TASK TO COMPLETE :: Your answer must consist of exactly the lines below, starting with the line with "Keep it short and to the point. 9.79e+07." and going on through the line with "Make the answer very short. -5.91e+09.", and nothing else.
· · · · · · ·
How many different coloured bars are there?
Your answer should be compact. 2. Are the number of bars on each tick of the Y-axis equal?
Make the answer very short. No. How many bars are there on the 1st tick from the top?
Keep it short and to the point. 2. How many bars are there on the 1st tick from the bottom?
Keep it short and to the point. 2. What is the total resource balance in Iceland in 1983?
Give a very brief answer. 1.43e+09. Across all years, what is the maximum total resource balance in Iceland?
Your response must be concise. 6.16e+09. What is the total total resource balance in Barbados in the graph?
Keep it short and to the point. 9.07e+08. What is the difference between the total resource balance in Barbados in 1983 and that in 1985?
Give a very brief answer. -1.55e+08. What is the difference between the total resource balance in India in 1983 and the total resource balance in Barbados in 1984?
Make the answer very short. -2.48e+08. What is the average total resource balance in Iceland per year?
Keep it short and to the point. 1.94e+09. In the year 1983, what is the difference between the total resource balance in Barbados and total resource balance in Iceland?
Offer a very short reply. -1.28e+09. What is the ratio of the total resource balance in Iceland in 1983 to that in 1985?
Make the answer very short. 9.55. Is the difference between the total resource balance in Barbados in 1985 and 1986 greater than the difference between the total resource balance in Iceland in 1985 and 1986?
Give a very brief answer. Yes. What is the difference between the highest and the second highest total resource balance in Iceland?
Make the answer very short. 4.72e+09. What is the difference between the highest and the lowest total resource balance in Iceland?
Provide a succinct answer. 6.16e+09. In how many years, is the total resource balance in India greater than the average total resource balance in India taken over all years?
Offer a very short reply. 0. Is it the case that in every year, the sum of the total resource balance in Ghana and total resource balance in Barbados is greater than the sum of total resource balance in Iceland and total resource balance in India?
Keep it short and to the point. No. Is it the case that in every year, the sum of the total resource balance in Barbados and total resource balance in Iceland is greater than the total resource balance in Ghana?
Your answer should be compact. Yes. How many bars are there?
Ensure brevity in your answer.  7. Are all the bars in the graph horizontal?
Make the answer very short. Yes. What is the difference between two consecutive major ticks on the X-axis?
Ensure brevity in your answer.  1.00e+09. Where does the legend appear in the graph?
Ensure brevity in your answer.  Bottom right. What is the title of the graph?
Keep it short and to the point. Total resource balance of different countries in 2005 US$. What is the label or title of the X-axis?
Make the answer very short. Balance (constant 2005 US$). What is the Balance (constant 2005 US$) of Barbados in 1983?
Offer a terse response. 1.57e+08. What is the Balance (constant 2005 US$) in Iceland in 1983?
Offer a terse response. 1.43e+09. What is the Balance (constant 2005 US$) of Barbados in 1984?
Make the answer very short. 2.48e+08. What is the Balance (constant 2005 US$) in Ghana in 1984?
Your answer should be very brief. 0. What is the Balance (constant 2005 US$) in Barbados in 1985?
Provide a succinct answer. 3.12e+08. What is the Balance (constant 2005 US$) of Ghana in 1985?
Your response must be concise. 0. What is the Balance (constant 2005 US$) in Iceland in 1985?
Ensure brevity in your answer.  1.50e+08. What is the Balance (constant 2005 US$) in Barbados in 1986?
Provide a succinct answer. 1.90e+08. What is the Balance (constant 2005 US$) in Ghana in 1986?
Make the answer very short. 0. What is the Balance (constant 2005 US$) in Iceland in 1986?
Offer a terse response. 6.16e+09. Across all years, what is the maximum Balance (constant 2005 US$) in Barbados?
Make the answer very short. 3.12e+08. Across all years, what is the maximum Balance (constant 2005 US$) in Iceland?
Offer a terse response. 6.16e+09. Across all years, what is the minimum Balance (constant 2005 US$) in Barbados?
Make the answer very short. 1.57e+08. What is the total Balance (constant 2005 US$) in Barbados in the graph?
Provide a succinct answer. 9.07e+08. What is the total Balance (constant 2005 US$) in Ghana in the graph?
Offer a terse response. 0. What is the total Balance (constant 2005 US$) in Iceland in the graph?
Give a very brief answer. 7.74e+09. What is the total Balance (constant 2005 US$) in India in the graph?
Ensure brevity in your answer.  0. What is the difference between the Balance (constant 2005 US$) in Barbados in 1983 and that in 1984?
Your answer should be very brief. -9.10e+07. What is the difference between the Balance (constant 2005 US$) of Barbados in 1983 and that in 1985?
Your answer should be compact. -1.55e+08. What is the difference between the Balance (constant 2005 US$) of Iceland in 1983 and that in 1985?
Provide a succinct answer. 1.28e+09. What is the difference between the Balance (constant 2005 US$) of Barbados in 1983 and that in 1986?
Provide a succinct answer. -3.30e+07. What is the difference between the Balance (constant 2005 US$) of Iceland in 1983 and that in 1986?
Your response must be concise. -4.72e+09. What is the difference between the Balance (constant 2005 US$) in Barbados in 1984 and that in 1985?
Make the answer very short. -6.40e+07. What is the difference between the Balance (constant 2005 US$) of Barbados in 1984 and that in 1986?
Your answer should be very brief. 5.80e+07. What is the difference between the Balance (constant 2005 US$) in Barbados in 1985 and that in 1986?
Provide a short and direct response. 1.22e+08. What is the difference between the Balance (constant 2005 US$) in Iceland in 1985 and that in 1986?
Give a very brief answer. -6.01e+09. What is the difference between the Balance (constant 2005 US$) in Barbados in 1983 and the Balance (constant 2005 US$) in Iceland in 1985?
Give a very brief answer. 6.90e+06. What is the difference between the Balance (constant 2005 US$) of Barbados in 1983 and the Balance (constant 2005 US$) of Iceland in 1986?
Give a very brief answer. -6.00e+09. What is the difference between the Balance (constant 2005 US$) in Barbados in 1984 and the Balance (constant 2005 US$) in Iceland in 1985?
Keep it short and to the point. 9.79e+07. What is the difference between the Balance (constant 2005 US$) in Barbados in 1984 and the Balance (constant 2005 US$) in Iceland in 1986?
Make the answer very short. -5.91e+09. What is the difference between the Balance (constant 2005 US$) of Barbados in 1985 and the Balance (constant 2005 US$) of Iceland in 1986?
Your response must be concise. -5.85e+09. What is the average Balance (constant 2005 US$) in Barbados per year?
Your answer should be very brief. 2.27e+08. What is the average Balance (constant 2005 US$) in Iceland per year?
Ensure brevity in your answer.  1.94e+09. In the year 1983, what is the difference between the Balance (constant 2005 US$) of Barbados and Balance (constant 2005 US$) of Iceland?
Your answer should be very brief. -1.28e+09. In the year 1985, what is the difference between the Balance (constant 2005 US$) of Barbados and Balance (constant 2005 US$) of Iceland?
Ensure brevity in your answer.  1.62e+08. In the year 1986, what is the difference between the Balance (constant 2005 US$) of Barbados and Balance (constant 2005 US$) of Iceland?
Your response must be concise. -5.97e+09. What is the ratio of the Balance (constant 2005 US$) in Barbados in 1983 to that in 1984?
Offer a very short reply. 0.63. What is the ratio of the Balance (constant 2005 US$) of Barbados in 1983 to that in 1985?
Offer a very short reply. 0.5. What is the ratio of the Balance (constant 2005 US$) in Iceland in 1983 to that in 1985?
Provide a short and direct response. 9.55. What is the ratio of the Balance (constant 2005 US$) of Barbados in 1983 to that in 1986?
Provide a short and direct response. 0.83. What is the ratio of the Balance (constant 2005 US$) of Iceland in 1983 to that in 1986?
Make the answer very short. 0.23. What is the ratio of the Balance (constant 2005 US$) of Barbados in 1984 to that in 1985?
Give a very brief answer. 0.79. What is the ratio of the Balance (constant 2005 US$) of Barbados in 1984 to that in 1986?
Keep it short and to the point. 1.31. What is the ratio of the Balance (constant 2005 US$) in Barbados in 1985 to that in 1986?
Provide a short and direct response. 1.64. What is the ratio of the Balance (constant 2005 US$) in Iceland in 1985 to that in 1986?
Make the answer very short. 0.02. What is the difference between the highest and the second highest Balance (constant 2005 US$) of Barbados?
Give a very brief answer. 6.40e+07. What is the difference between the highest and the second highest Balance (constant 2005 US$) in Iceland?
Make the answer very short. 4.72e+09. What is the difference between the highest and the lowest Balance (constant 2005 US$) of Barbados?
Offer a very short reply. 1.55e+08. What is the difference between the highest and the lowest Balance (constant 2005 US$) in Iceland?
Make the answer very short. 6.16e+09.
· · · · · · ·
WRITTEN REPLY ::
Keep it short and to the point. 9.79e+07. What is the difference between the Balance (constant 2005 US$) in Barbados in 1984 and the Balance (constant 2005 US$) in Iceland in 1986?
Make the answer very short. -5.91e+09. What is the difference between the Balance (constant 2005 US$) of Barbados in 1985 and the Balance (constant 2005 US$) of Iceland in 1986?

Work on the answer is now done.